Megan Iacobini de Fazio

UNITED NATIONS, Aug 10 2010 (IPS) - Omar Khadr was only 15 when he was captured by U.S. forces in 2002 in Afghanistan. Now, eight years later, the 23-year-old is on trial in Guantanamo Bay, in the first military commission trial since the beginning of the Barack Obama administration.

The Pentagon-appointed defence attorney, Lt. Colonel Jon Jackson, has called the case “the first one against a child soldier in history”.

Khadr, a Canadian citizen, is accused of throwing a hand grenade and killing a U.S. Special Forces soldier during a U.S. bombardment of an al Qaeda compound in the eastern Afghan city of Khost.

Ahmed Khadr, Omar’s father, was an Egyptian-born Canadian citizen who was linked to senior levels of bin Laden’s al Qaeda network in the 1980s. In 1993, he moved his family to Afghanistan from where he allegedly sent money to al Qaeda.
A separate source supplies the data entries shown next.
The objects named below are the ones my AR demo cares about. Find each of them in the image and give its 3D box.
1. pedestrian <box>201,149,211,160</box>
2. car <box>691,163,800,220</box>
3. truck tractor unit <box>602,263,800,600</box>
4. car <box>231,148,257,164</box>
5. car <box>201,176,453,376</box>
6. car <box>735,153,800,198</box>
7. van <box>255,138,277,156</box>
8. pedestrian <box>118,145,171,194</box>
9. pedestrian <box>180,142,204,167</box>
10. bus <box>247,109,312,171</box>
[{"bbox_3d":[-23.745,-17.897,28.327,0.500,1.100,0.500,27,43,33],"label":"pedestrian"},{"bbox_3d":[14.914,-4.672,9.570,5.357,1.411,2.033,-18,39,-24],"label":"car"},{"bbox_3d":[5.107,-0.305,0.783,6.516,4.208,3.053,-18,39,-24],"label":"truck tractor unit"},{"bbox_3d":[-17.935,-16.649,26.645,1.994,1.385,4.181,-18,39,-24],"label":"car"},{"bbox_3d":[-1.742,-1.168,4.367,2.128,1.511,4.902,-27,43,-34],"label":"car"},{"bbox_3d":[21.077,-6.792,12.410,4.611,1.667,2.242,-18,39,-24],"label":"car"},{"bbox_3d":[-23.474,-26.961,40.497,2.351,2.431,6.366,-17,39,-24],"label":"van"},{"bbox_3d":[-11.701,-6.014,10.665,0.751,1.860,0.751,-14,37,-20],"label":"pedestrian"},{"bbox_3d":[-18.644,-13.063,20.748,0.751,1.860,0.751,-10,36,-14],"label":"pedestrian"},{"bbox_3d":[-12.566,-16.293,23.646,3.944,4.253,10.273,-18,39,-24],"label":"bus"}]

The U.N. Secretary-General’s Special Representative for Children in Armed Conflict, Radhika Coomaraswamy, told IPS that “The U.N. has advocated repeatedly that no child, abused in war time as a child soldier or porter or war wife, should be held personally responsible for the acts and orders of their commanders.”

She also urged the two countries, which are both parties to the Optional Protocol on Children in Armed Conflict, “to allow for Omar’s reintegration into society through rehabilitation programmes”, adding that to her knowledge “much has been done to prepare such programmes in Canada”.


The statute of the International Criminal Court (ICC) states that no one under the age of 18 should be tried for war crimes. Prosecutors in other international tribunals have also used their discretion not to prosecute children in the past.

In addition, there seems to be little or no evidence that Khadr actually threw the grenade that killed the soldier, other than “confessions” allegedly obtained under suspicious circumstances.

Khadr’s lawyer claims that the accused was interrogated in at the U.S.-run Bagram air base while still recovering from serious injuries, which included two gunshot wounds and shrapnel in his face and eye. He was also threatened with rape in a U.S. prison, one interrogator confirmed, and promised a return to Canada if he told the interrogators what they wanted to hear.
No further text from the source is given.